Canon Patent: Compact APS-C Wide Primes — 10mm, 12mm, 18mm & 28mm F2.8
Canon has filed a patent application (publication number P2026052804, published March 25, 2026, filed September 12, 2024) covering optical systems that look suspiciously like a lineup of compact APS-C prime lenses. The patent — titled simply "Optical System and Imaging Device" — presents multiple embodiments clustered around an F/2.8 aperture class, covering focal lengths from 10mm to 28mm.
Here's what the optical data tells us:
Embodiment 1 — ~12mm F2.8
- Focal length: 12.38mm
- F-number: 2.83
- Half angle of view: 42.99°
- Image height: 11.54mm
- Total length: 63.50mm
- Back focus: 12.00mm
Embodiment 3 — ~28mm F2.8
- Focal length: 28.17mm
- F-number: 2.83
- Half angle of view: 24.14°
- Image height: 12.63mm
- Total length: 67.03mm
- Back focus: 15.32mm
Embodiment 4 — ~10mm F2.8
- Focal length: 10.02mm
- F-number: 2.83
- Half angle of view: 48.98°
- Image height: 11.52mm
- Total length: 65.00mm
- Back focus: 12.00mm
Embodiment 7 — ~14mm F2.8
- Focal length: 14.63mm
- F-number: 2.83
- Half angle of view: 39.45°
- Image height: 12.04mm
- Total length: 64.29mm
- Back focus: 16.54mm
Embodiment 8 — ~18mm F2.8
- Focal length: 18.13mm
- F-number: 2.83
- Half angle of view: 33.83°
- Image height: 12.15mm
- Total length: 70.71mm
- Back focus: 12.17mm
What's Canon Up To?
A few things stand out immediately. All embodiments share a tight F/2.83 aperture — clearly a unified F2.8 optical design philosophy across the series. The total lengths are remarkably compact: sub-70mm for everything from 10mm to 28mm is impressive. These aren't the kind of chunky pro primes Canon builds for RF full-frame.
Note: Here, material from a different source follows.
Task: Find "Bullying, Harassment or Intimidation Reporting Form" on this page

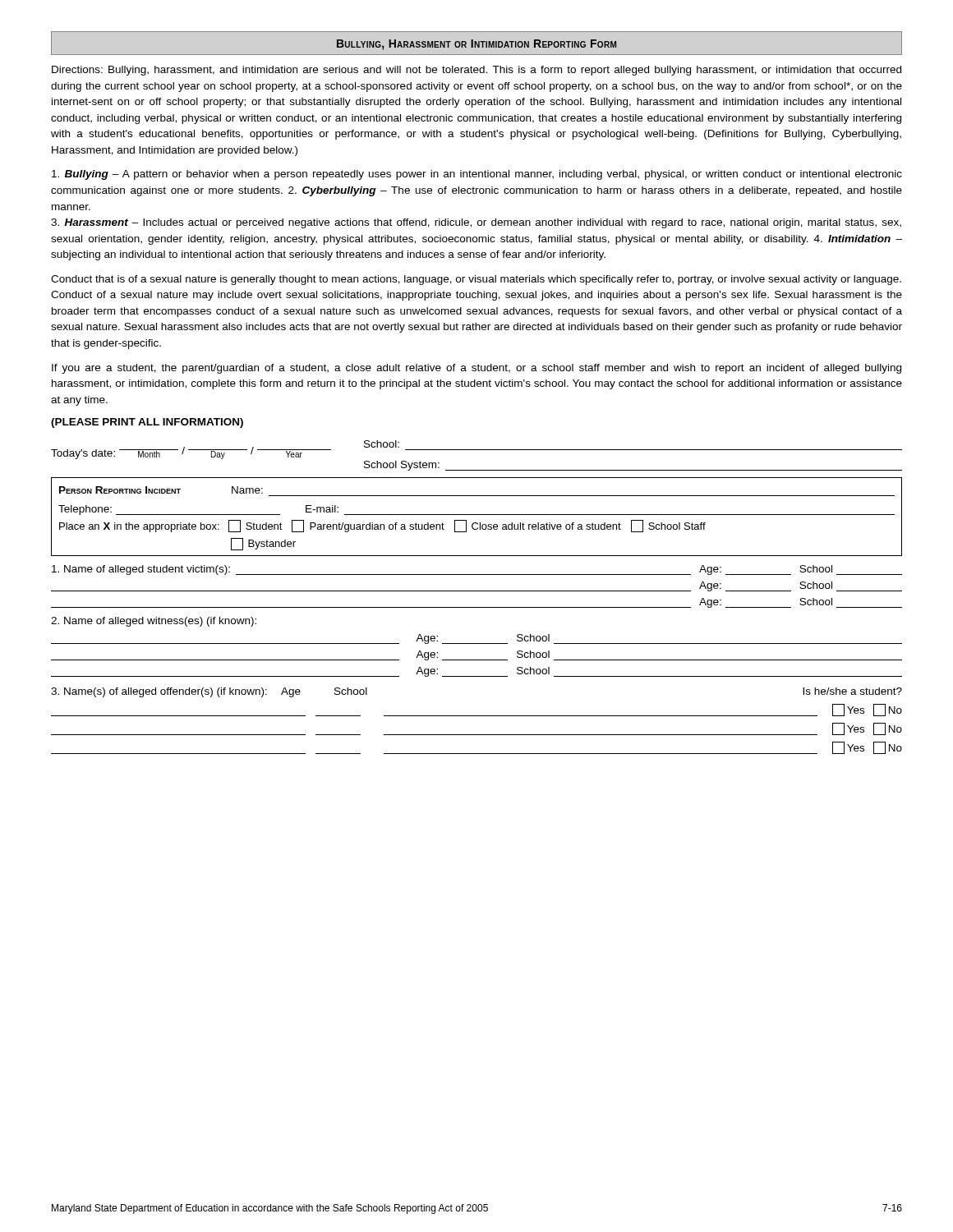Action: click(476, 44)

The image heights are the interesting wrinkle. At 11–12mm image height, these designs fall short of what you'd normally expect for APS-C (which typically needs ~14mm image height). Asobinet's own analysis notes this discrepancy, suggesting Canon may be designing these with some built-in cropping in mind — trading a bit of the corner image circle to correct residual distortion in-camera. This isn't unusual; several existing Canon lenses do exactly this.
The back focus situation: With back focus values of 12–15mm across the lineup, these are clearly designed for a short flange-to-sensor distance mount. That points firmly at EF-M or RF-S / EOS R APS-C territory. Canon's EF-M system is effectively on life support at this point, so RF-S is the logical destination — meaning these could be affordable compact primes for the EOS R50 / R10 / R100 crowd.
Does This Mean Anything?
As always with Canon patents: file with healthy skepticism. Canon patents prolifically, and the vast majority never leave the lab. That said, this is a coherent, well-structured lineup — five focal lengths with unified aperture and compact dimensions — which suggests someone at Canon was seriously thinking about a kit of compact APS-C primes. Whether that becomes RF-S 10mm F2.8, 12mm F2.8, 18mm F2.8, and 28mm F2.8 lenses is another question entirely.
What Canon has shown with the RF-S line so far is a willingness to offer affordable, small lenses for their crop-sensor mirrorless bodies. A set of fast-ish primes in this style would fill a real gap in the RF-S lineup, which currently leans heavily on zooms. Fingers crossed this one actually makes it to production.